▶ [Task statement] Where a picture appears, leave it out; copy everything else in the records exactly.

▶ [Records shown]
*** Begin section ***
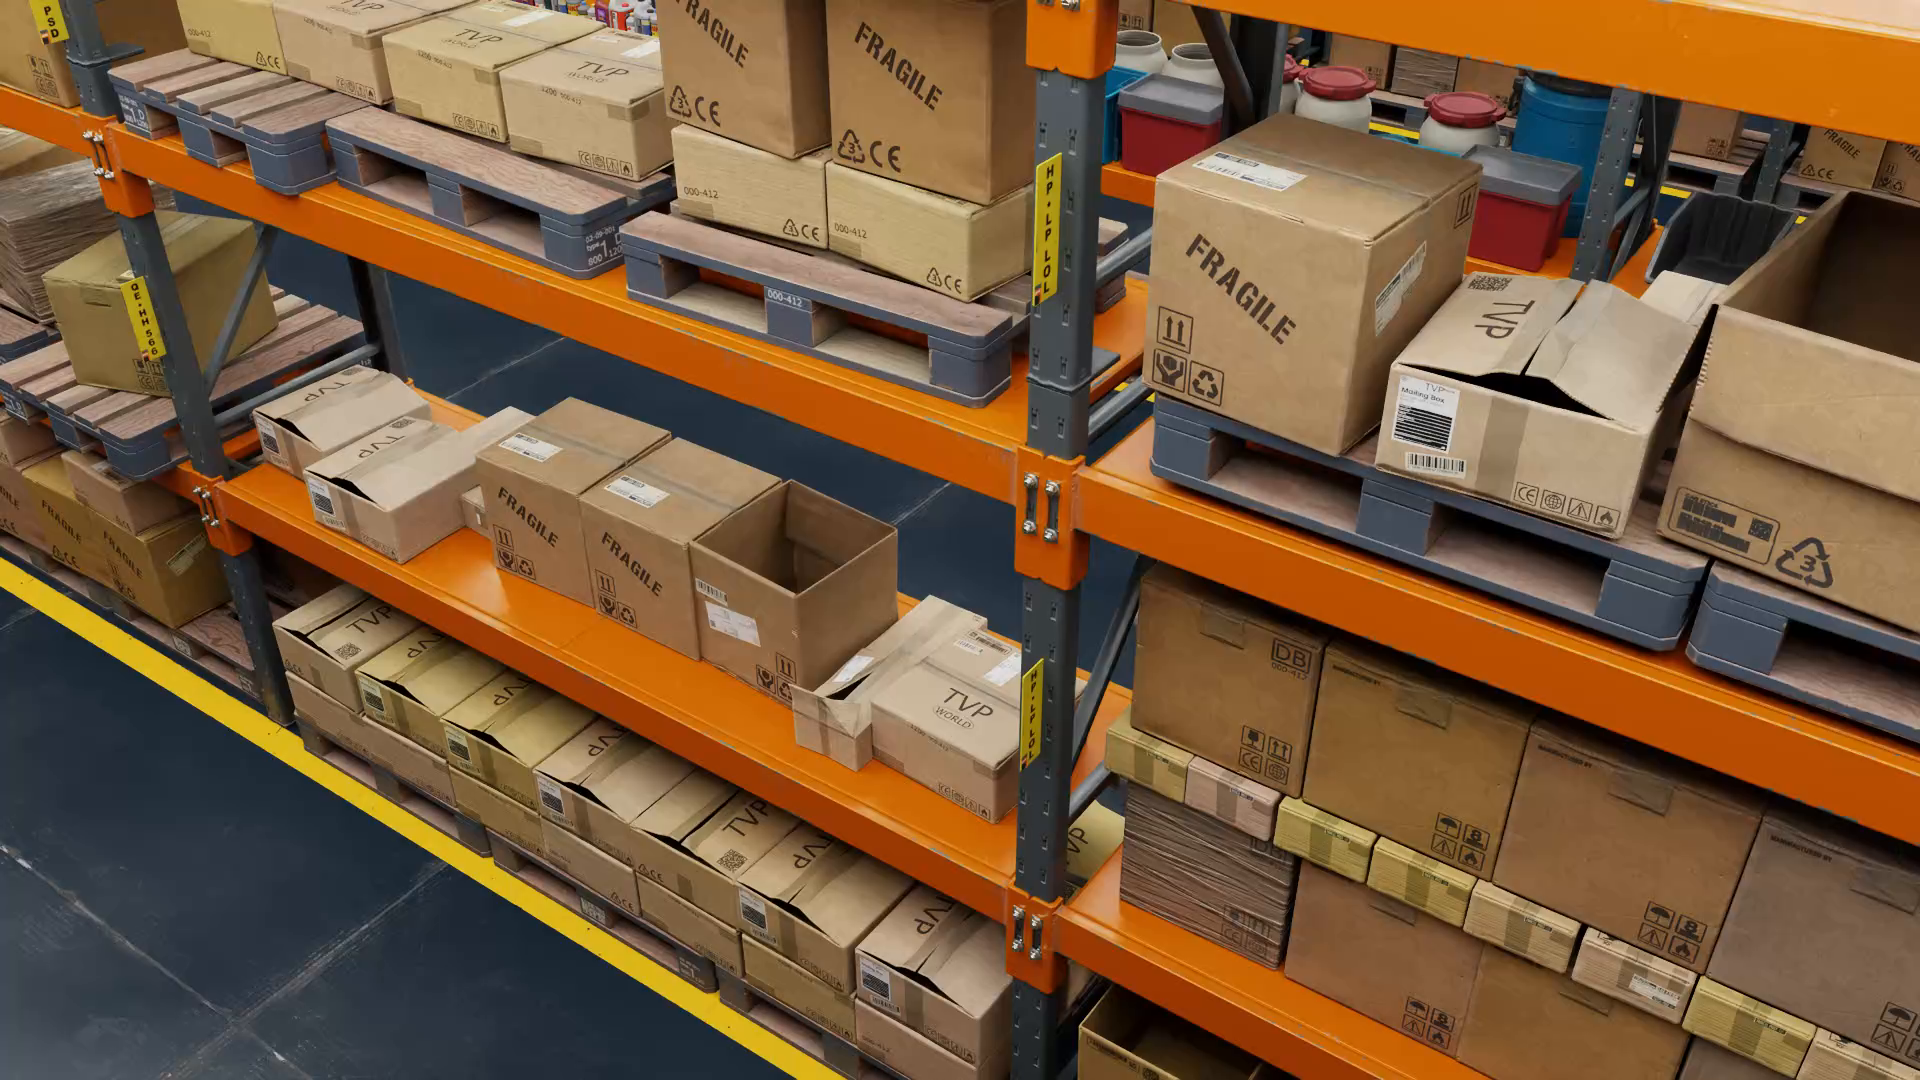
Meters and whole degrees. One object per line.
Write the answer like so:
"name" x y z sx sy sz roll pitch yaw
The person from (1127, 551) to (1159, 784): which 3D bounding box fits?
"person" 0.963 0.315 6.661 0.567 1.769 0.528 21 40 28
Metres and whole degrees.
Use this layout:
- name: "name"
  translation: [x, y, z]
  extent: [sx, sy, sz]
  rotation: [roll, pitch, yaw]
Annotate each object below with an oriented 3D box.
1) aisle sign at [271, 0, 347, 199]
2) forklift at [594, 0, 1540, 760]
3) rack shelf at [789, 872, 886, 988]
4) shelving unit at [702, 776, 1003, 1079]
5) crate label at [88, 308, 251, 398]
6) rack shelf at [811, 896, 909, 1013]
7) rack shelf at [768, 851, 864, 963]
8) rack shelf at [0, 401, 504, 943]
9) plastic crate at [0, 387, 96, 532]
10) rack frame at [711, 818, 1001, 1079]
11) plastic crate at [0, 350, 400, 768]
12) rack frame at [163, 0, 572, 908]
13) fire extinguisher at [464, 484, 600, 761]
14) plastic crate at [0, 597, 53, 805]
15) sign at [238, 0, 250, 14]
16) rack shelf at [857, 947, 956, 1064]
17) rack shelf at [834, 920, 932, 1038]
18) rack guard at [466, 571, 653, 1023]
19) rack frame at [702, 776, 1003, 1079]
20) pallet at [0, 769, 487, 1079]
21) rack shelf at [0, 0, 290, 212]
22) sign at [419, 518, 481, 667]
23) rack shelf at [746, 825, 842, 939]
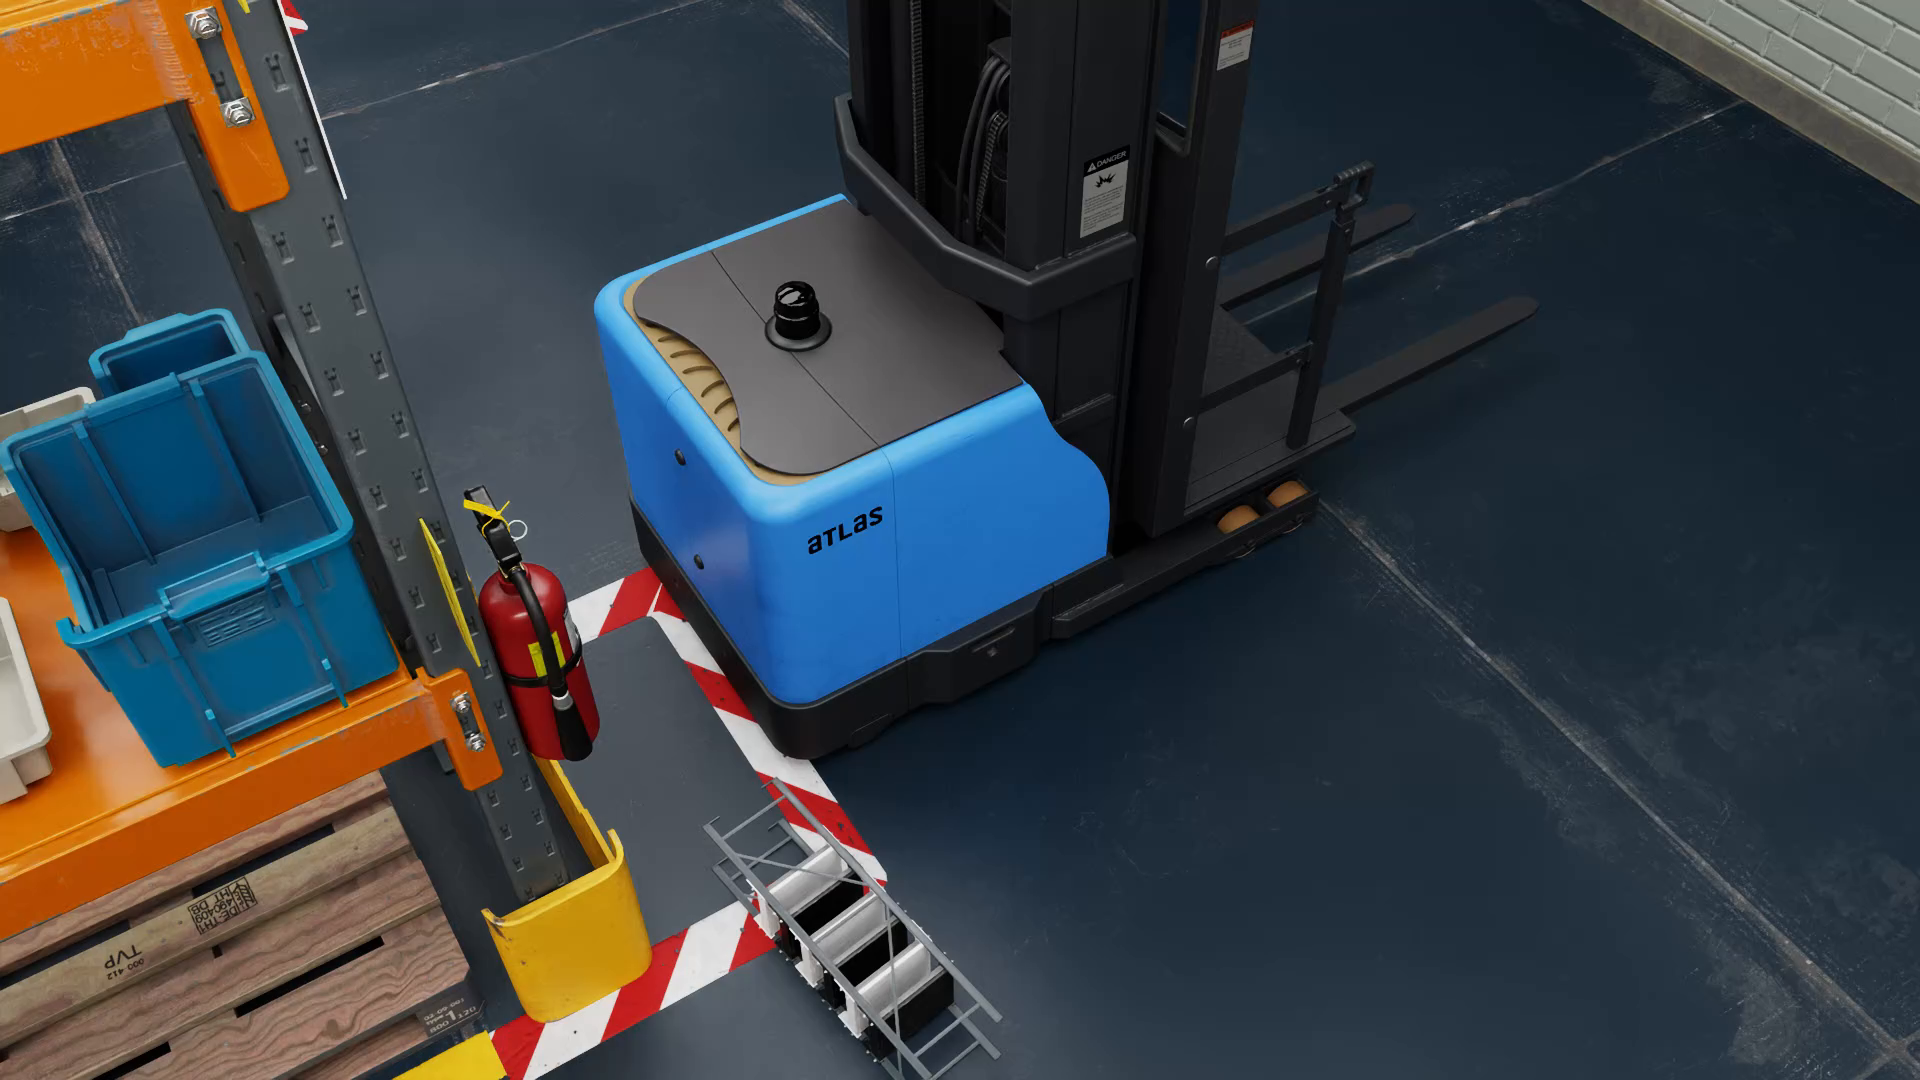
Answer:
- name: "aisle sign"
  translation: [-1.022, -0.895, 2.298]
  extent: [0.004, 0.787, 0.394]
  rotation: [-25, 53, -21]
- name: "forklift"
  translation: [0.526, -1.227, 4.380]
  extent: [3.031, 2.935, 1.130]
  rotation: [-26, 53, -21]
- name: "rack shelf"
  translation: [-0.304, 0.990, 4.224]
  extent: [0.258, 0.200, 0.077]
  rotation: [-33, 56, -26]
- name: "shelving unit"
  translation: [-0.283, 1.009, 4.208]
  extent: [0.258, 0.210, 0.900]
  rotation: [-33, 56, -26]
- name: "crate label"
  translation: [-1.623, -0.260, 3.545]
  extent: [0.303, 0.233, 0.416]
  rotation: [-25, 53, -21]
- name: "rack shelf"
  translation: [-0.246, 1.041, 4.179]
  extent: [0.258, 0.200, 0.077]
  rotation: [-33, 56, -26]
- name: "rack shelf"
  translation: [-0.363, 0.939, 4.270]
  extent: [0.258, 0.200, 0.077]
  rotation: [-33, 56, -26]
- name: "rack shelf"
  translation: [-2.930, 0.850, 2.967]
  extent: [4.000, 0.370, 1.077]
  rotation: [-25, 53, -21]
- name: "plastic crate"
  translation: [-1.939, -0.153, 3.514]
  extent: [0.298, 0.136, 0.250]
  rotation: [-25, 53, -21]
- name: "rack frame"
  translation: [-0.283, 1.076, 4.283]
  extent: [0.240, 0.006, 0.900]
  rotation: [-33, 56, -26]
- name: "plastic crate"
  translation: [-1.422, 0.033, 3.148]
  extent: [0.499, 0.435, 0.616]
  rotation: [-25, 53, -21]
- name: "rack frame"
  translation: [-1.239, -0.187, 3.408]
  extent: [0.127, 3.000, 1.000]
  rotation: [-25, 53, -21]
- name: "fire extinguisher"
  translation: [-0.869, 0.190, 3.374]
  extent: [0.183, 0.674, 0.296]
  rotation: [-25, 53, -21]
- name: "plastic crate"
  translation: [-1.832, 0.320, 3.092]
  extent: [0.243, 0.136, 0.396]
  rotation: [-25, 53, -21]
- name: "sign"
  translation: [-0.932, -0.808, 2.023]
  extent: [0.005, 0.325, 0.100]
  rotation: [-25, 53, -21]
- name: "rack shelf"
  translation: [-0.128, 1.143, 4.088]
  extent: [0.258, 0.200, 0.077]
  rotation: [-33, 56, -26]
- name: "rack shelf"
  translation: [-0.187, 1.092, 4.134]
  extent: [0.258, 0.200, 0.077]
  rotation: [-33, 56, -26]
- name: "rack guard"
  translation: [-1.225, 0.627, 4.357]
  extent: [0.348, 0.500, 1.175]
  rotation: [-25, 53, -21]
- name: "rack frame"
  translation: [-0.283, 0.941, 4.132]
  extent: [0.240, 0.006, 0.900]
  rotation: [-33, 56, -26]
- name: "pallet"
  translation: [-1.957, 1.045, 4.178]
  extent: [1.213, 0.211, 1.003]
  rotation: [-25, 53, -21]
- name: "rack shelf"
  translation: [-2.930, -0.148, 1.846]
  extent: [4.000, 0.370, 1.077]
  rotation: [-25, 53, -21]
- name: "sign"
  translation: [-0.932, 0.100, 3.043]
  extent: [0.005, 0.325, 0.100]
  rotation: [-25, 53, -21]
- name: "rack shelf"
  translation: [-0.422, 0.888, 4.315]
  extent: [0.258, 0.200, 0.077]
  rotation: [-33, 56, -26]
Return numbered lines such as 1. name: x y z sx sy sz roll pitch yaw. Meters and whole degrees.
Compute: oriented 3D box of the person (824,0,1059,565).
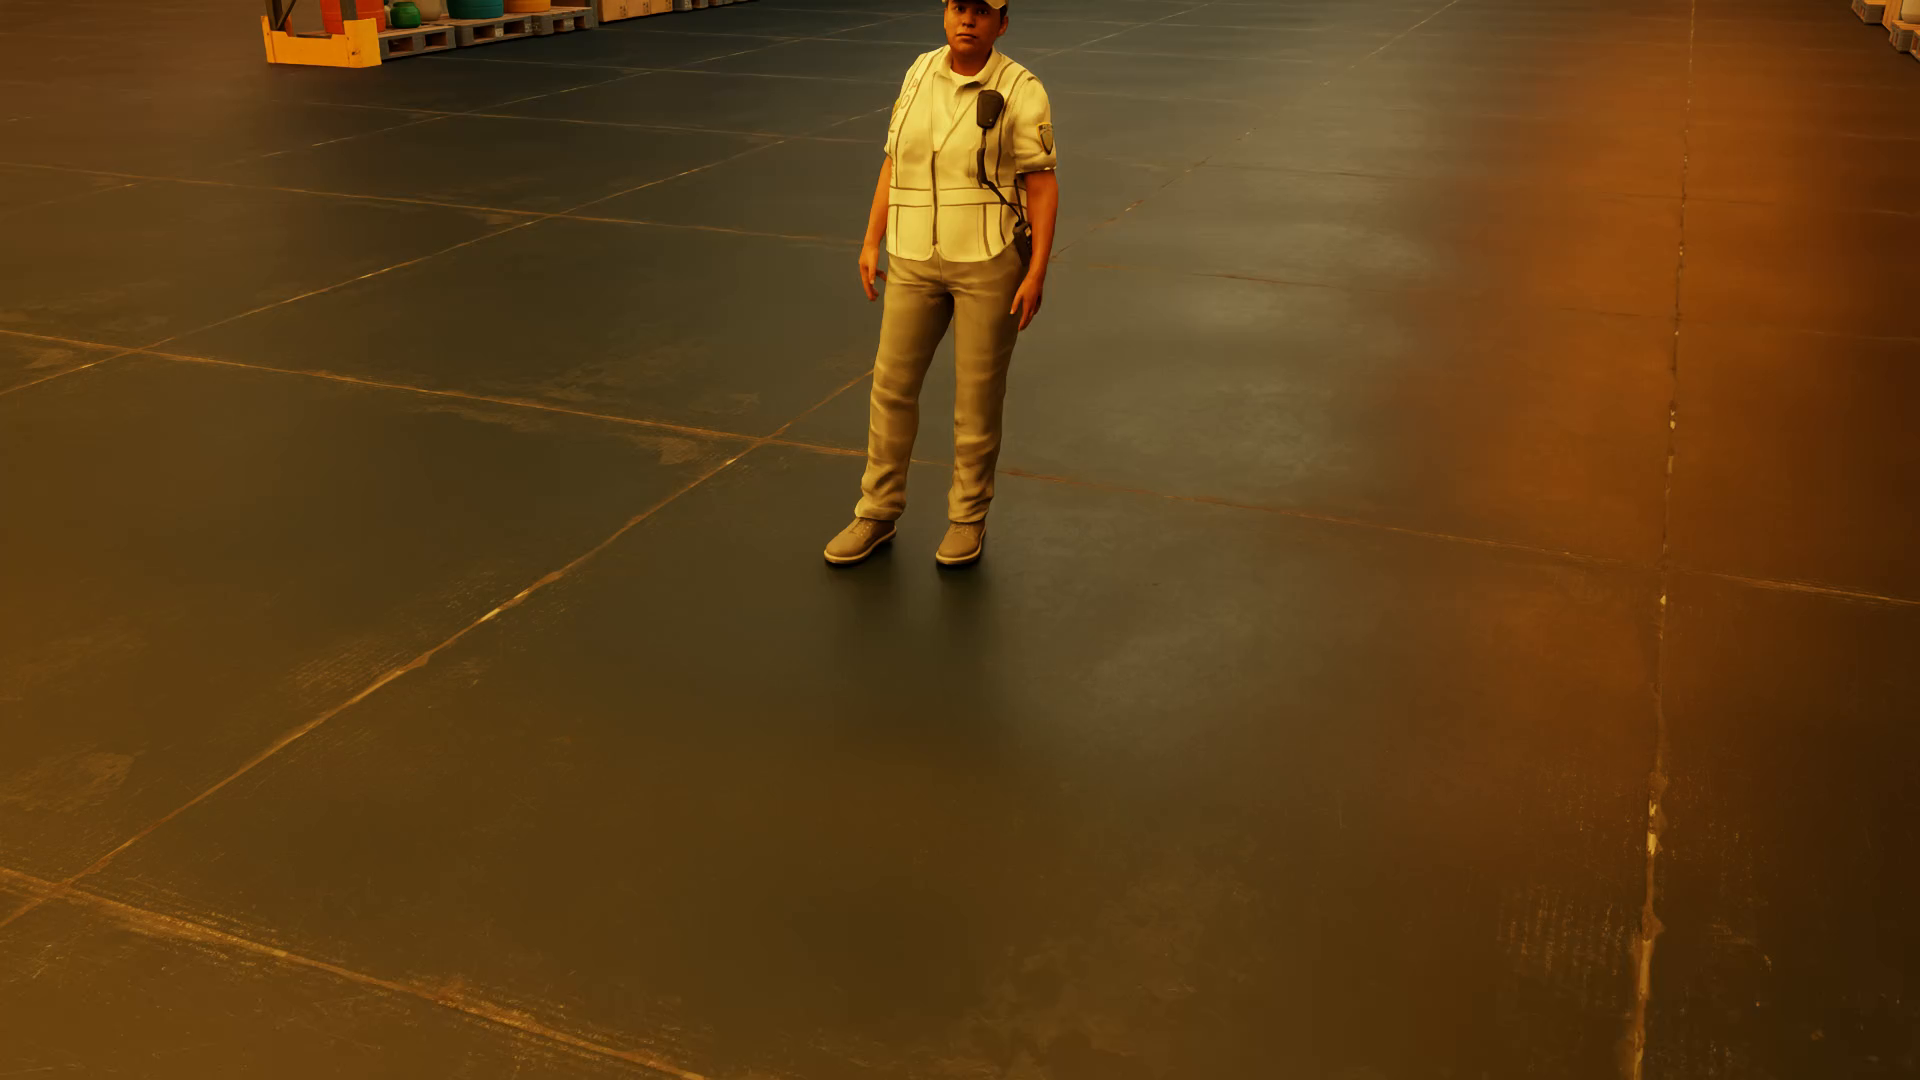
*** End section ***
▶ [Written answer]
Meters and whole degrees. One object per line.
Write the answer like so:
"name" x y z sx sy sz roll pitch yaw
The person from (1127, 551) to (1159, 784): which 3D bounding box fits?
"person" 0.963 0.315 6.661 0.567 1.769 0.528 21 40 28
Metres and whole degrees.
Use this layout:
- name: "name"
  translation: [x, y, z]
  extent: [sx, sy, sz]
  rotation: [roll, pitch, yaw]
Annotate each object below with an oriented 3D box.
1) aisle sign at [271, 0, 347, 199]
2) forklift at [594, 0, 1540, 760]
3) rack shelf at [789, 872, 886, 988]
4) shelving unit at [702, 776, 1003, 1079]
5) crate label at [88, 308, 251, 398]
6) rack shelf at [811, 896, 909, 1013]
7) rack shelf at [768, 851, 864, 963]
8) rack shelf at [0, 401, 504, 943]
9) plastic crate at [0, 387, 96, 532]
10) rack frame at [711, 818, 1001, 1079]
11) plastic crate at [0, 350, 400, 768]
12) rack frame at [163, 0, 572, 908]
13) fire extinguisher at [464, 484, 600, 761]
14) plastic crate at [0, 597, 53, 805]
15) sign at [238, 0, 250, 14]
16) rack shelf at [857, 947, 956, 1064]
17) rack shelf at [834, 920, 932, 1038]
18) rack guard at [466, 571, 653, 1023]
19) rack frame at [702, 776, 1003, 1079]
20) pallet at [0, 769, 487, 1079]
21) rack shelf at [0, 0, 290, 212]
22) sign at [419, 518, 481, 667]
23) rack shelf at [746, 825, 842, 939]
Answer:
- name: "aisle sign"
  translation: [-1.022, -0.895, 2.298]
  extent: [0.004, 0.787, 0.394]
  rotation: [-25, 53, -21]
- name: "forklift"
  translation: [0.526, -1.227, 4.380]
  extent: [3.031, 2.935, 1.130]
  rotation: [-26, 53, -21]
- name: "rack shelf"
  translation: [-0.304, 0.990, 4.224]
  extent: [0.258, 0.200, 0.077]
  rotation: [-33, 56, -26]
- name: "shelving unit"
  translation: [-0.283, 1.009, 4.208]
  extent: [0.258, 0.210, 0.900]
  rotation: [-33, 56, -26]
- name: "crate label"
  translation: [-1.623, -0.260, 3.545]
  extent: [0.303, 0.233, 0.416]
  rotation: [-25, 53, -21]
- name: "rack shelf"
  translation: [-0.246, 1.041, 4.179]
  extent: [0.258, 0.200, 0.077]
  rotation: [-33, 56, -26]
- name: "rack shelf"
  translation: [-0.363, 0.939, 4.270]
  extent: [0.258, 0.200, 0.077]
  rotation: [-33, 56, -26]
- name: "rack shelf"
  translation: [-2.930, 0.850, 2.967]
  extent: [4.000, 0.370, 1.077]
  rotation: [-25, 53, -21]
- name: "plastic crate"
  translation: [-1.939, -0.153, 3.514]
  extent: [0.298, 0.136, 0.250]
  rotation: [-25, 53, -21]
- name: "rack frame"
  translation: [-0.283, 1.076, 4.283]
  extent: [0.240, 0.006, 0.900]
  rotation: [-33, 56, -26]
- name: "plastic crate"
  translation: [-1.422, 0.033, 3.148]
  extent: [0.499, 0.435, 0.616]
  rotation: [-25, 53, -21]
- name: "rack frame"
  translation: [-1.239, -0.187, 3.408]
  extent: [0.127, 3.000, 1.000]
  rotation: [-25, 53, -21]
- name: "fire extinguisher"
  translation: [-0.869, 0.190, 3.374]
  extent: [0.183, 0.674, 0.296]
  rotation: [-25, 53, -21]
- name: "plastic crate"
  translation: [-1.832, 0.320, 3.092]
  extent: [0.243, 0.136, 0.396]
  rotation: [-25, 53, -21]
- name: "sign"
  translation: [-0.932, -0.808, 2.023]
  extent: [0.005, 0.325, 0.100]
  rotation: [-25, 53, -21]
- name: "rack shelf"
  translation: [-0.128, 1.143, 4.088]
  extent: [0.258, 0.200, 0.077]
  rotation: [-33, 56, -26]
- name: "rack shelf"
  translation: [-0.187, 1.092, 4.134]
  extent: [0.258, 0.200, 0.077]
  rotation: [-33, 56, -26]
- name: "rack guard"
  translation: [-1.225, 0.627, 4.357]
  extent: [0.348, 0.500, 1.175]
  rotation: [-25, 53, -21]
- name: "rack frame"
  translation: [-0.283, 0.941, 4.132]
  extent: [0.240, 0.006, 0.900]
  rotation: [-33, 56, -26]
- name: "pallet"
  translation: [-1.957, 1.045, 4.178]
  extent: [1.213, 0.211, 1.003]
  rotation: [-25, 53, -21]
- name: "rack shelf"
  translation: [-2.930, -0.148, 1.846]
  extent: [4.000, 0.370, 1.077]
  rotation: [-25, 53, -21]
- name: "sign"
  translation: [-0.932, 0.100, 3.043]
  extent: [0.005, 0.325, 0.100]
  rotation: [-25, 53, -21]
- name: "rack shelf"
  translation: [-0.422, 0.888, 4.315]
  extent: [0.258, 0.200, 0.077]
  rotation: [-33, 56, -26]
Return numbered lines such as 1. name: x y z sx sy sz roll pitch yaw. Meters and whole degrees.
Compute: oriented 3D box of the person (824,0,1059,565).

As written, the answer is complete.